D. Pawn
感觉这种dp套路似乎非常常见,我们可以设
f[i][j][x]表示走到(i,j),当前的值为f[i][j][x]*k+x ,也就是我们将余数x作为放在状态中。
#include<cstdio>
#include<algorithm>
#include<cstring>
#include<cmath>
#include<map>
#include<vector>
#define A puts("YES")
#define B puts("NO")
#define fo(i,a,b) for (int (i)=(a);(i)<=(b);(i)++)
#define fd(i,b,a) for (int (i)=(b);(i)>=(a);(i)--)
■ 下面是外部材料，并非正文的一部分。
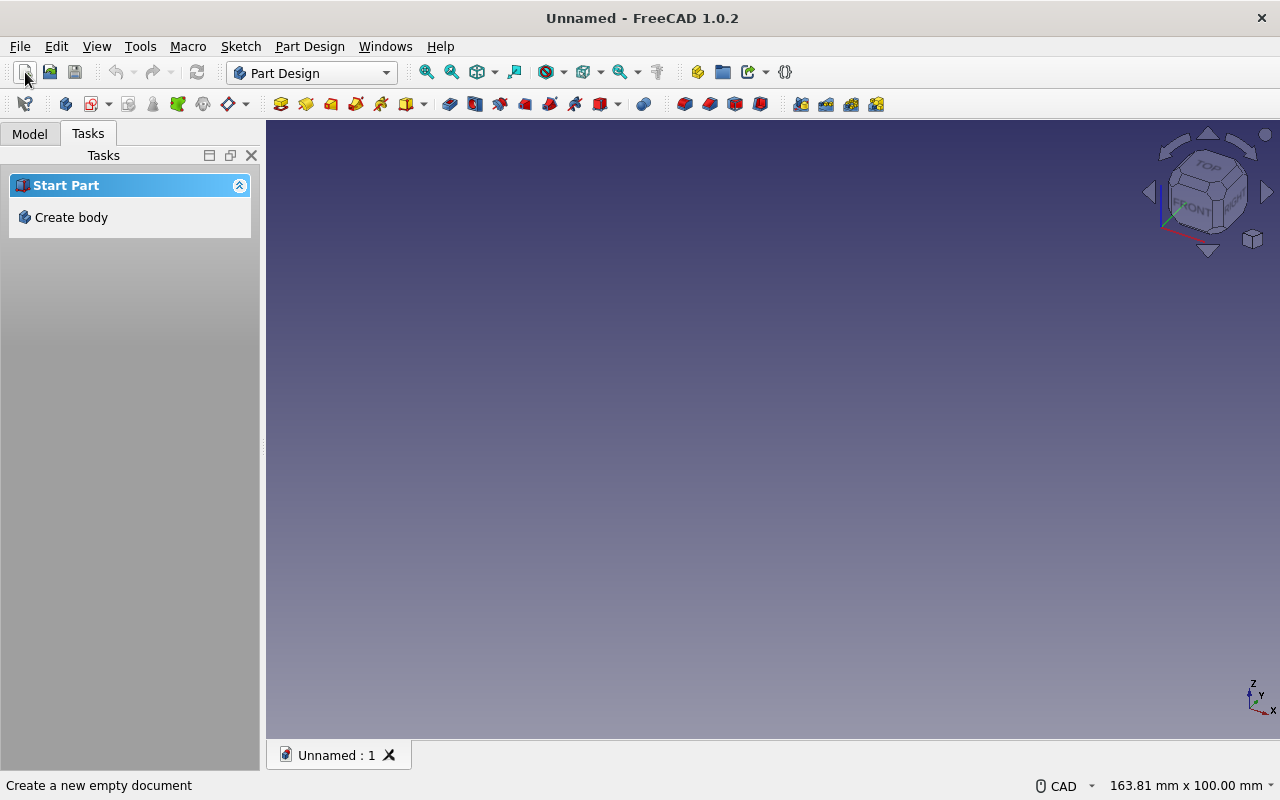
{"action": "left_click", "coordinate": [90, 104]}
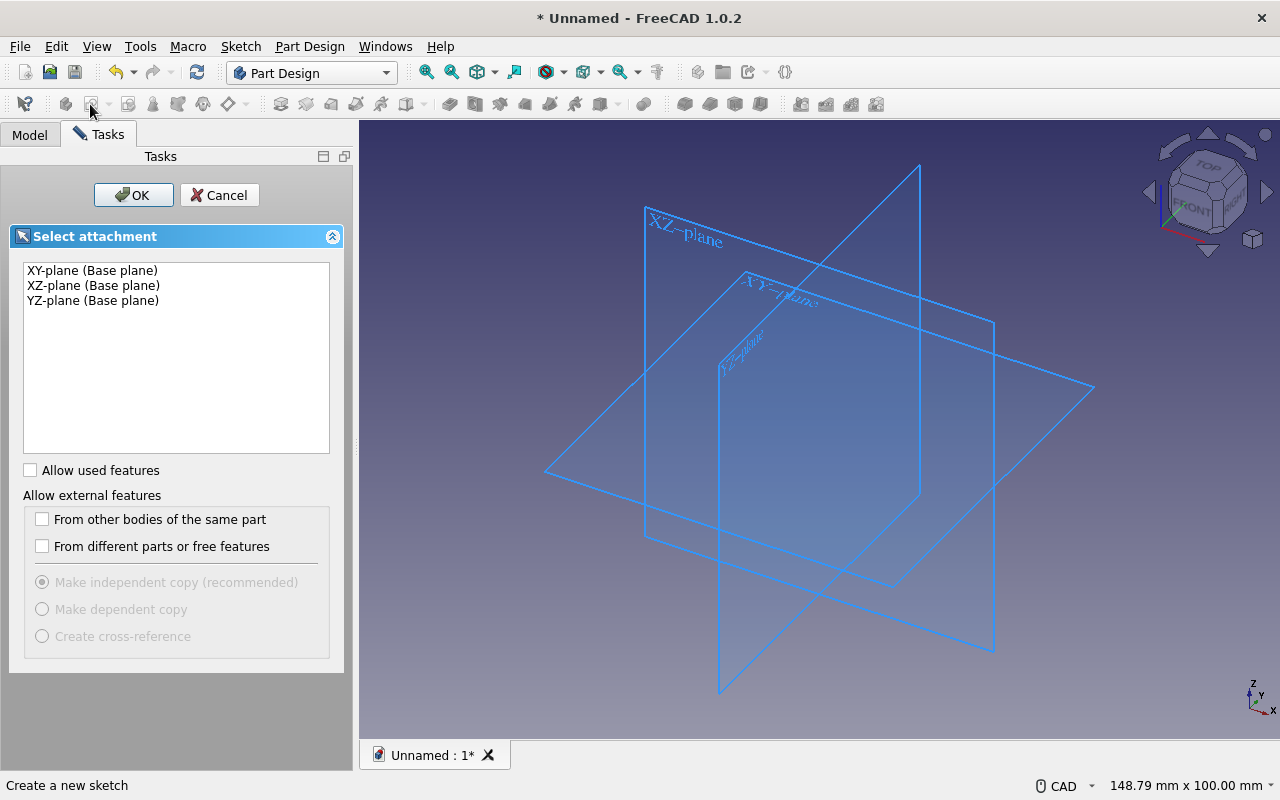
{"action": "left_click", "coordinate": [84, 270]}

#define mk(x,y) make_pair((x),(y))
using namespace std;
typedef double db;
typedef long long ll;
const int mo=998244353;
const int inf=1<<30;
const int N=105;
char s[N];
int n,m,f[N][N][15],k;
int a[N][N];
void cmax(int &x,int y){
x=max(x,y);
}
void print(int i,int j,int x){
if (i==n) {
printf("%d\n",j);
return;
}
fo(z,0,k) {
if ((z+a[i][j])%k==x) {
if (f[i+1][j-1][z]+ (a[i][j]+z)/k ==f[i][j][x]) {
print(i+1,j-1,z);
printf("R");
return;
}
if (f[i+1][j+1][z]+ (a[i][j]+z)/k ==f[i][j][x]) {
print(i+1,j+1,z);
printf("L");
return;
}
}
}
}
int main()
{
// freopen("data.in","r",stdin);
// freopen("ans.out","w",stdout);
scanf("%d %d %d",&n,&m,&k);
k++;
fo(i,1,n) {
scanf("%s",s+1);
fo(j,1,m) {
a[i][j]=s[j]-'0';
}
}
fo(i,0,n+1) fo(j,0,m+1) fo(x,0,k) f[i][j][x]=-inf;
fo(i,1,m) f[n][i][a[n][i]%k]=a[n][i]/k;
fd(i,n-1,1) {
fo(j,1,m) {
fo(x,0,k-1){
cmax(f[i][j][(a[i][j]+x)%k], f[i+1][j-1][x]+(a[i][j]+x)/k);
cmax(f[i][j][(a[i][j]+x)%k], f[i+1][j+1][x]+(a[i][j]+x)/k);
}
}
}
int p;
int ans=-inf;
fo(i,1,m) {
// cmax(ans, f[1][i][0]);
if (ans<f[1][i][0]) {
ans=f[1][i][0];
p=i;
}
}
if (ans<0) {
puts("-1");
return 0;
}
else printf("%d\n",ans*k);
print(1,p,0);
return 0;
}